Step 4: Import node data

The INSERT statements below follow the same pattern:

Column Expression Purpose
First (ID) age_name_to_idx_start(...) + id Converts your integer id to an AGE graphid
Second (properties) row_to_json(...)::ag_catalog.agtype Serializes the remaining columns as a property map

After each bulk insert, setval() advances the sequence so AGE assigns correct IDs to future nodes.

-- Import Place nodes.
INSERT INTO social_network."Place"
  SELECT
  (age_name_to_idx_start('social_network', 'v', 'Place') + id)::text::ag_catalog.graphid,
  row_to_json((SELECT x FROM (SELECT name, url, type) x))::text::ag_catalog.agtype
  FROM place_raw;

-- Advance the Place sequence to the next available ID.
SELECT setval(age_name_to_seq('social_network', 'v', 'Place'), (SELECT max(id) + 1 FROM place_raw));


-- Import Organization nodes.
INSERT INTO social_network."Organization"
  SELECT
  (age_name_to_idx_start('social_network', 'v', 'Organization') + id)::text::ag_catalog.graphid,
  row_to_json((SELECT x FROM (SELECT name, url, type) x))::text::ag_catalog.agtype
  FROM organization_raw;

-- Advance the Organization sequence to the next available ID.
SELECT setval(age_name_to_seq('social_network', 'v', 'Organization'), (SELECT max(id) + 1 FROM organization_raw));

Step 5: Import edge data

Each edge connects an Organization node (start) to a Place node (end). The start_id and end_id from the source table are converted to graphid values using the same pattern as the node import.
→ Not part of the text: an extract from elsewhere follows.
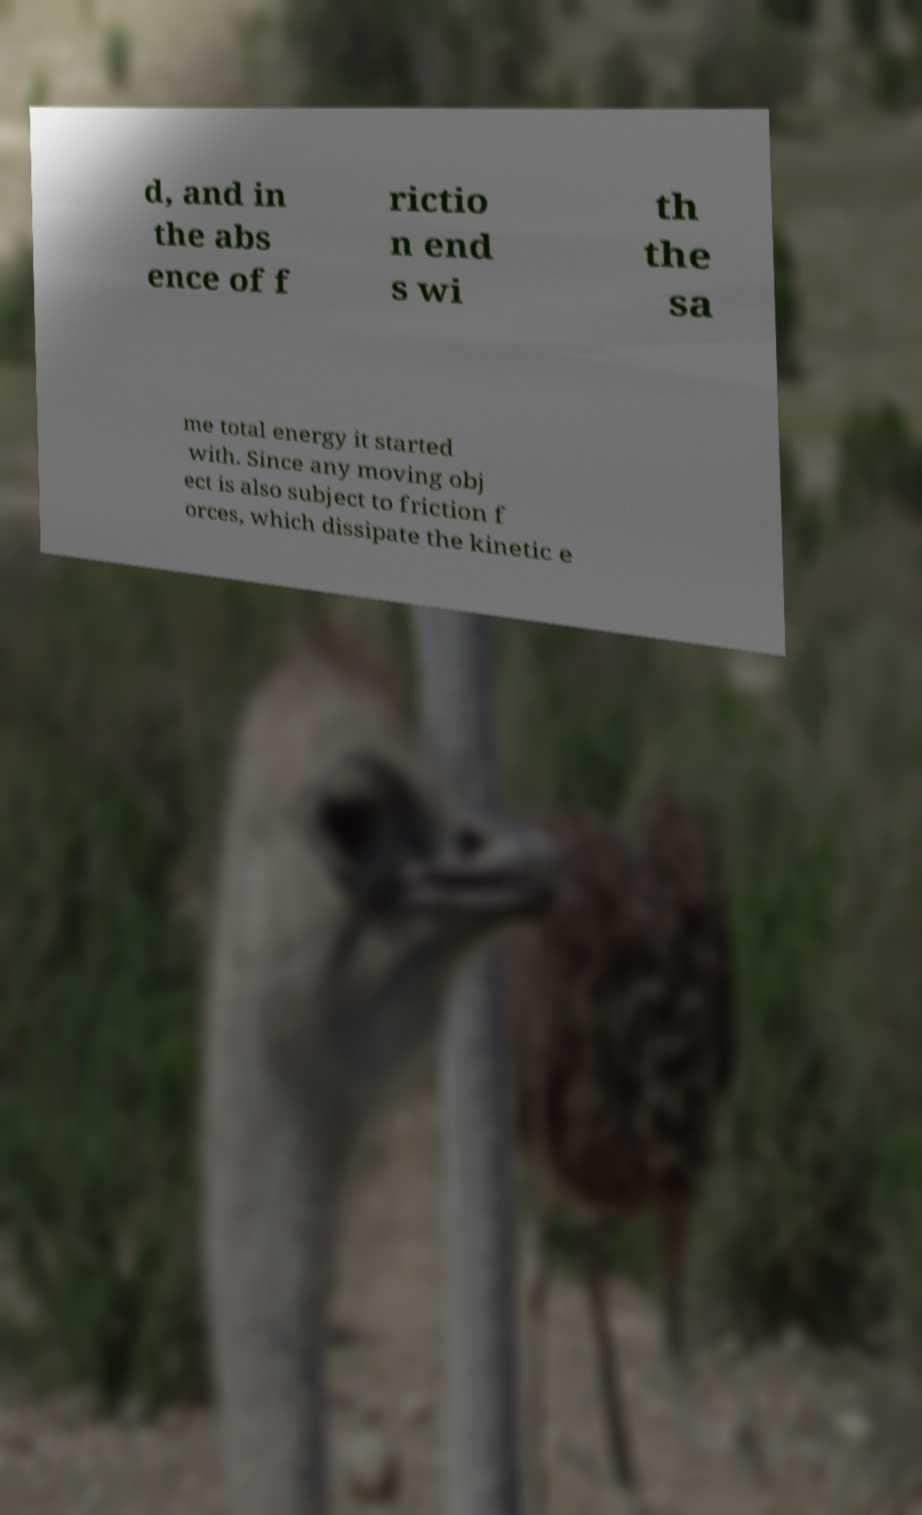Please identify and transcribe the text found in this image. d, and in the abs ence of f rictio n end s wi th the sa me total energy it started with. Since any moving obj ect is also subject to friction f orces, which dissipate the kinetic e

-- Import IS_LOCATED_IN edges.
-- start_id references the Organization node; end_id references the Place node.
INSERT INTO social_network."IS_LOCATED_IN"(start_id, end_id, properties)
SELECT
(age_name_to_idx_start('social_network', 'v', 'Organization') + start_id)::text::ag_catalog.graphid,
(age_name_to_idx_start('social_network', 'v', 'Place') + end_id)::text::ag_catalog.graphid,
'{}'::text::ag_catalog.agtype
FROM organization_isLocatedIn_place_raw;

Step 6: Verify the data

Run the following Cypher query to confirm that the nodes and edges were imported correctly. The query matches all Organization nodes connected to Place nodes via the IS_LOCATED_IN relationship and returns up to 5 results.

SELECT * FROM ag_catalog.cypher('social_network', $$
  MATCH (o:Organization)-[:IS_LOCATED_IN]->(p:Place)
  RETURN o, p
  LIMIT 5
  $$) AS (o ag_catalog.agtype, p ag_catalog.agtype);

If the import was successful, the query returns rows where each o column shows an Organization node and each p column shows the corresponding Place node.